**WHAT TO DO**: Produce an exact transcription of the data, with the images left out.

(Beginning of PROVIDED MATERIAL)

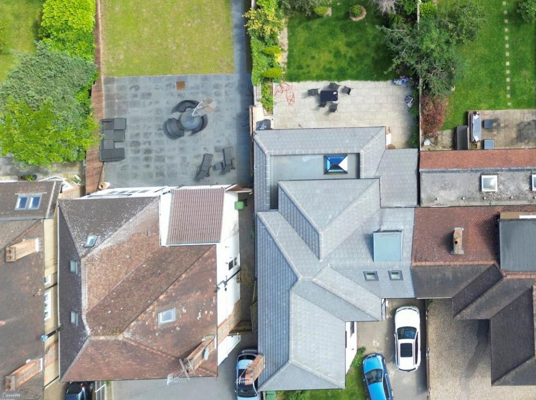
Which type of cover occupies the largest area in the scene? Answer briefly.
buildings
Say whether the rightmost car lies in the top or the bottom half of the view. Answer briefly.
bottom
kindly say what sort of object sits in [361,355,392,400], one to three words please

(End of PROVIDED MATERIAL)

**EXERCISE OUTPUT**:
Which type of cover occupies the largest area in the scene? Answer briefly.
buildings
Say whether the rightmost car lies in the top or the bottom half of the view. Answer briefly.
bottom
kindly say what sort of object sits in [361,355,392,400], one to three words please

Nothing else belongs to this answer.